* _What to do_: Report each line of the records below that uses the word "medium".

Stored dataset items
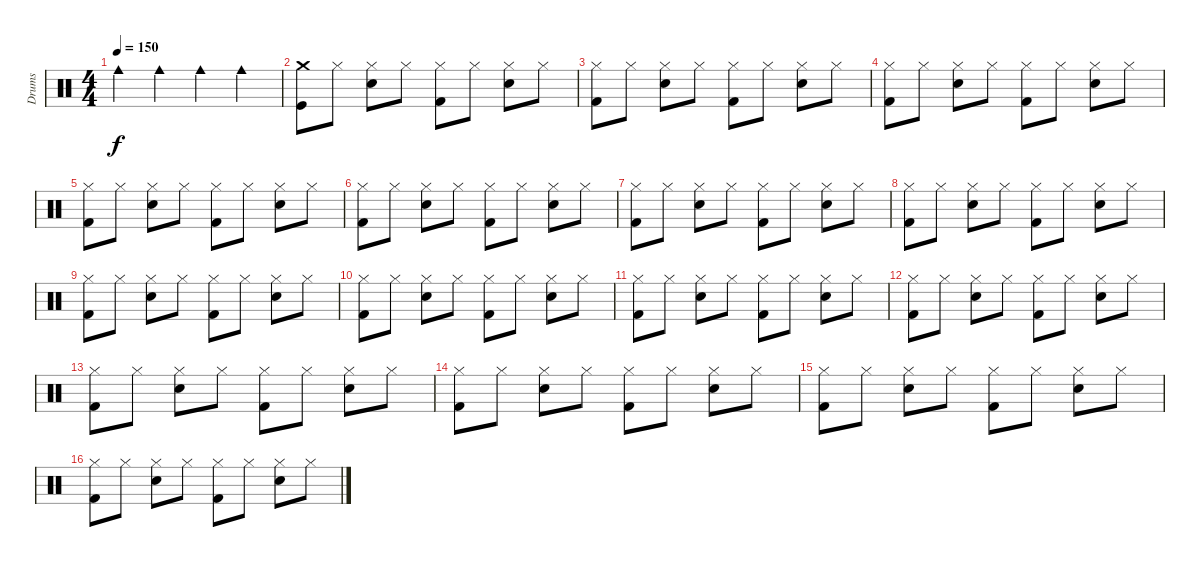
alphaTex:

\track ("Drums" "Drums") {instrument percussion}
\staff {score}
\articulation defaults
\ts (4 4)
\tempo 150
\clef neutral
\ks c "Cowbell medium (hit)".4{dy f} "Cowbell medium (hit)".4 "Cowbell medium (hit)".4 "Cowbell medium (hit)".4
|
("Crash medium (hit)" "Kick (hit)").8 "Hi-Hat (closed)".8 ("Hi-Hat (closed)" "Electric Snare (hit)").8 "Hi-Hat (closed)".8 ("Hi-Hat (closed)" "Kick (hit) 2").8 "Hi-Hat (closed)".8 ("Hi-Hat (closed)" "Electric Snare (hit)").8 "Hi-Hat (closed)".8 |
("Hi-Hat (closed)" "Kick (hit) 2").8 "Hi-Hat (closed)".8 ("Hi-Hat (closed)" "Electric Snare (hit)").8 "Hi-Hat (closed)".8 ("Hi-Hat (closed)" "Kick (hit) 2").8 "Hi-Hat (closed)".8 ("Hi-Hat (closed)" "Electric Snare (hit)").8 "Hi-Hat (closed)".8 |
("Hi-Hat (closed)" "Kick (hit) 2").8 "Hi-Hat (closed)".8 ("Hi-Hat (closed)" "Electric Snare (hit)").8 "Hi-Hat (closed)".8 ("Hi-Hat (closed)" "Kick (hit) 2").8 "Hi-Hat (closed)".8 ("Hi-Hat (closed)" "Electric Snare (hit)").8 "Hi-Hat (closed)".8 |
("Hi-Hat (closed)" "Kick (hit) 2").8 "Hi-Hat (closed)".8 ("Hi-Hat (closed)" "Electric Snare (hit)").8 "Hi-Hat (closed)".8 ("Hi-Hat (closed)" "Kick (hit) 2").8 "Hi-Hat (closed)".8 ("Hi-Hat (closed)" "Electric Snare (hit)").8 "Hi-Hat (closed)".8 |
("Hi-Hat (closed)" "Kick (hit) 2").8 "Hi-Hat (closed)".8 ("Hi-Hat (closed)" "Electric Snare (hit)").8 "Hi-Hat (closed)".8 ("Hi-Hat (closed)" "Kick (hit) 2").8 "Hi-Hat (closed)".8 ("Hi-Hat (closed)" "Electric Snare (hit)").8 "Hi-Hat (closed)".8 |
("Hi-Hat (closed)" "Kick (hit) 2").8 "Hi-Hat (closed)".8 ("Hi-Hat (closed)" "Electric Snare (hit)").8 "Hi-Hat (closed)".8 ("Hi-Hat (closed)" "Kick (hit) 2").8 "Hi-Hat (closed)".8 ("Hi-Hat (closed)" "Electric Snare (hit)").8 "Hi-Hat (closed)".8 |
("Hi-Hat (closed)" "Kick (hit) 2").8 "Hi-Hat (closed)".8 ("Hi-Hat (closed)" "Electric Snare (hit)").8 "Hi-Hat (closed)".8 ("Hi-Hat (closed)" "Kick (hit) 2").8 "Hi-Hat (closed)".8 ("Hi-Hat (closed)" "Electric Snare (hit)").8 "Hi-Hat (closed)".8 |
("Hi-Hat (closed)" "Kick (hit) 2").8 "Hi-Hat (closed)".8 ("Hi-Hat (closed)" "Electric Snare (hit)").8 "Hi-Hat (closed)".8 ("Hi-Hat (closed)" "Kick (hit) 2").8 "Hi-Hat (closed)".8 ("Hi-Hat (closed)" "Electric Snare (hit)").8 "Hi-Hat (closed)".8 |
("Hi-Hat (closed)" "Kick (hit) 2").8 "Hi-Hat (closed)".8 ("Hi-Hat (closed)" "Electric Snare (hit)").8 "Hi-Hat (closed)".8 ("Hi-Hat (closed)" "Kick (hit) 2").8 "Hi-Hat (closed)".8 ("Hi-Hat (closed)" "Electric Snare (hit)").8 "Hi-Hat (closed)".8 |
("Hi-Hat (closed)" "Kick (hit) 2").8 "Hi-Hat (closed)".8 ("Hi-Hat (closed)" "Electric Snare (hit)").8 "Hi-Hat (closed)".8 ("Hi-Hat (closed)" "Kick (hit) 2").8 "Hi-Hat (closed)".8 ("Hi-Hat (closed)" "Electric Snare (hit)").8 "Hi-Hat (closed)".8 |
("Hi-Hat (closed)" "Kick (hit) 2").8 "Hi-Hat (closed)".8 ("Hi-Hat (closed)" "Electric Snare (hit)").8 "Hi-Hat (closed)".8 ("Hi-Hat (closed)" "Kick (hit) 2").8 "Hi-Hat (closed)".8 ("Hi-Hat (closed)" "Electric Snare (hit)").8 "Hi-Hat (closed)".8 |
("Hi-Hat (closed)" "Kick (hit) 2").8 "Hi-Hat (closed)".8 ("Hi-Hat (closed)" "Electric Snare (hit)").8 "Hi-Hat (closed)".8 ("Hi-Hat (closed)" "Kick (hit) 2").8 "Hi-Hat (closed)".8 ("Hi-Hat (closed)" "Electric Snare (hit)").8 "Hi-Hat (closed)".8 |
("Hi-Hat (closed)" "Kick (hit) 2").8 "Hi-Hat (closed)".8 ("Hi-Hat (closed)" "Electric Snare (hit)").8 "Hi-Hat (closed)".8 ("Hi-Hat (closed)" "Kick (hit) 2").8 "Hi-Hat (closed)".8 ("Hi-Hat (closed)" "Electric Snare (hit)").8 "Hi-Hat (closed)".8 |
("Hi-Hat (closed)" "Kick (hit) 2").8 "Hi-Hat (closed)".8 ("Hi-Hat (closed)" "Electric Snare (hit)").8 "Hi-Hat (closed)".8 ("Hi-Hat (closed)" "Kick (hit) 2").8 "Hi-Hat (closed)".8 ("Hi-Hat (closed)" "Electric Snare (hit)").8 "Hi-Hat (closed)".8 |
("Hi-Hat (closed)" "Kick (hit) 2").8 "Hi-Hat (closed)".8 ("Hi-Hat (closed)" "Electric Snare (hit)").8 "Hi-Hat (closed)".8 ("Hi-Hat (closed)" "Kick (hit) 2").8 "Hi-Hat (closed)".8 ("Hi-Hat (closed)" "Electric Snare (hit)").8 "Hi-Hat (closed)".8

* _Exercise answer_:
\ks c "Cowbell medium (hit)".4{dy f} "Cowbell medium (hit)".4 "Cowbell medium (hit)".4 "Cowbell medium (hit)".4
("Crash medium (hit)" "Kick (hit)").8 "Hi-Hat (closed)".8 ("Hi-Hat (closed)" "Electric Snare (hit)").8 "Hi-Hat (closed)".8 ("Hi-Hat (closed)" "Kick (hit) 2").8 "Hi-Hat (closed)".8 ("Hi-Hat (closed)" "Electric Snare (hit)").8 "Hi-Hat (closed)".8 |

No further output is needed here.